Of the ancient town on the south-eastern coast, of which the oblong granite blocks of Les Rochers, near the cemetery, are believed to be the debris, very solemn legends are recorded. Its destruction is referred to the judgment of the Deity on the crimes of a gang of wreckers, who plundered and murdered the crew of a Spanish vessel wrecked on the coast. This infliction, according to the record, had its parallel in Jersey.

The Court consists of judge, jurats, attorney and solicitor-general, greffier, sheriff, and his depute and serjeant.

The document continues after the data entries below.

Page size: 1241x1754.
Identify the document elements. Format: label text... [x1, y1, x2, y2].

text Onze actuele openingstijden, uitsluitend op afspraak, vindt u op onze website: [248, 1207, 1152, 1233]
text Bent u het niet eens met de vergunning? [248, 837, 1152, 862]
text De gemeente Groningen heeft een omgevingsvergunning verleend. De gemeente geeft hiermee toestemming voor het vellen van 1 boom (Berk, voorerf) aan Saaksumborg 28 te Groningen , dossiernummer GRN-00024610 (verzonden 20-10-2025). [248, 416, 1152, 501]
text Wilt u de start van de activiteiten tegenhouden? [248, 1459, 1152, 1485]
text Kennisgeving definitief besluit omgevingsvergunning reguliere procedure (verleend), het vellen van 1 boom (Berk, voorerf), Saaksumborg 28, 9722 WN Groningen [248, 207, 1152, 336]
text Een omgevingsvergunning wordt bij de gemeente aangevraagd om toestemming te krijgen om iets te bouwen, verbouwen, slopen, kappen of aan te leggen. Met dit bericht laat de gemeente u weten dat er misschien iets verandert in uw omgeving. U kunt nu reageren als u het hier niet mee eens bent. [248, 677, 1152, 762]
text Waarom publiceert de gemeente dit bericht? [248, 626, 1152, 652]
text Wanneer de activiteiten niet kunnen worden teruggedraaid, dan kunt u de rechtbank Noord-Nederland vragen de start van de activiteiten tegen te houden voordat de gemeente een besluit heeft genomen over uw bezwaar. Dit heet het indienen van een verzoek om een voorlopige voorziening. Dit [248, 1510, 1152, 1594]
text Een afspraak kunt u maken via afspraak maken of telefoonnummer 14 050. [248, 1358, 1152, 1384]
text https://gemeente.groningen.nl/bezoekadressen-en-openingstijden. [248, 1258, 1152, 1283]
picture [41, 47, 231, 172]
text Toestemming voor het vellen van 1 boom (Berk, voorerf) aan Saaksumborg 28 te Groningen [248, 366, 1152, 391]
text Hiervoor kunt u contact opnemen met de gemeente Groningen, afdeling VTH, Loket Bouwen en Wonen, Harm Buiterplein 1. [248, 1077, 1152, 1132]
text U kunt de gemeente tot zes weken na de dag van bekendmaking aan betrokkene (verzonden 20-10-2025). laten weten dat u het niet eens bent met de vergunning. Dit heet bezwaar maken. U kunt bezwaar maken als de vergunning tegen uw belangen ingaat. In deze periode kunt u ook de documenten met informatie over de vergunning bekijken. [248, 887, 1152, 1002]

The ecclesiastical history is not without interest, and there are seriously romantic legends of the mission of Geunal, Vignalor, or St. Vignalis, the patron saint of Aurigny. He was a scion of a noble family in Bretagne, a proselyte of St. Magloire, and he resigned his abbacy of Landenec, and became a missionary to Sark. From thence he wended to Alderney, and converted the catchers of fish and the tillers of ground, before this the most desperate wreckers in the Channel.

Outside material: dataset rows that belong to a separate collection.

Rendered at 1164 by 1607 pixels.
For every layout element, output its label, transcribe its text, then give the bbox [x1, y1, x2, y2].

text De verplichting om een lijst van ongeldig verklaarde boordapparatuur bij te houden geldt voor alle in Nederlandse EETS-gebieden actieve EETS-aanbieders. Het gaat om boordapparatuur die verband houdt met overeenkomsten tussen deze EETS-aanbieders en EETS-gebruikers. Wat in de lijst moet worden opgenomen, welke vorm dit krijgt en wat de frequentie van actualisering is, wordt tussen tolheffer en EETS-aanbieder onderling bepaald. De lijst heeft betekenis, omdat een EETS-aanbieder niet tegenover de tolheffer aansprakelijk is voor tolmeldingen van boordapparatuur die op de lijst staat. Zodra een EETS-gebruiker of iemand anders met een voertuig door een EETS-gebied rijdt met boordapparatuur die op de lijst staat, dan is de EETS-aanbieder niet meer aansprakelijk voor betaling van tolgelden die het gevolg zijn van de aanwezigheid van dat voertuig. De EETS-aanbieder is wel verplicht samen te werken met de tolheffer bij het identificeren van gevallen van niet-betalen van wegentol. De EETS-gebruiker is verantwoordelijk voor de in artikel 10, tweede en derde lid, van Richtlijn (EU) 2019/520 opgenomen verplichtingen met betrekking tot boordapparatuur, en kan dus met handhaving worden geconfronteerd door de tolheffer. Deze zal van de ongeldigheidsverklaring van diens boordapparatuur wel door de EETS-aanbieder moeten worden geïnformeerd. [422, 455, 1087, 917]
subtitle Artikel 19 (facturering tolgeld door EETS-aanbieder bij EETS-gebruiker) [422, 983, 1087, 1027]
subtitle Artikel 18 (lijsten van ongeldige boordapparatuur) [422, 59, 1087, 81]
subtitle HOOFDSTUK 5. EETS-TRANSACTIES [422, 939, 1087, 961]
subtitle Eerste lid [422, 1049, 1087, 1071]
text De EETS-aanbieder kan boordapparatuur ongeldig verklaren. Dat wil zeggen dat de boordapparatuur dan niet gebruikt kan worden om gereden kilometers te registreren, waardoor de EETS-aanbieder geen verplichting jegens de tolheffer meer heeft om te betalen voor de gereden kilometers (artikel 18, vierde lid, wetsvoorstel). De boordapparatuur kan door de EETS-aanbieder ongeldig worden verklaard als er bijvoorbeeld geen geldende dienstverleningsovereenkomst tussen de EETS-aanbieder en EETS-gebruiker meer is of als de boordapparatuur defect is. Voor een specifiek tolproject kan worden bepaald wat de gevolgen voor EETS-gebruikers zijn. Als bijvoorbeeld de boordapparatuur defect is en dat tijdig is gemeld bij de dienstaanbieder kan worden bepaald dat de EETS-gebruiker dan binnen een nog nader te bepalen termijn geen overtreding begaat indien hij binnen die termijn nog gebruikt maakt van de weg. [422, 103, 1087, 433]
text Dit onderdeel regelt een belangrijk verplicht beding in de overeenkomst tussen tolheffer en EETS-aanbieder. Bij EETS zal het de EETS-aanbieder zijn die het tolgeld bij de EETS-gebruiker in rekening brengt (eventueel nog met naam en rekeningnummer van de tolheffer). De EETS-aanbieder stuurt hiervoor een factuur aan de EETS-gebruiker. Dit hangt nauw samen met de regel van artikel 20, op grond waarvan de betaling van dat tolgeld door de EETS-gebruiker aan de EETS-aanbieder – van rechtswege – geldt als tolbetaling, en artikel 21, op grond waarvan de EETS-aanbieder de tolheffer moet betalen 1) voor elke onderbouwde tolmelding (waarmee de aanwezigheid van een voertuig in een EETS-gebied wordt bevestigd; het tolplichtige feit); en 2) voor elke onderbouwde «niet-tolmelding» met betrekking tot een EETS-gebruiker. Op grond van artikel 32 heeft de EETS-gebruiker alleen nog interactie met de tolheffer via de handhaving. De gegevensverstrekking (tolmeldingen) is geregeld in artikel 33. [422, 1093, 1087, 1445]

From the outlying rocks on the eastern height stands the ruined castle (La Chatte) of Essex, built, it is said, by Robert Devereux, for the detention of his queen. Below it, on the lower shore of Longis is a Roman cist, noted by Holinshed; and Castrum Longini. Les murs des bas, or the Nunnery, is a very antique square, with corner towers, constructed with the Roman tiles of the dilapidated ville. Here and also at Corbelets were discovered antique vessels and coins and relics, and monumental stones of porphyry and sienite.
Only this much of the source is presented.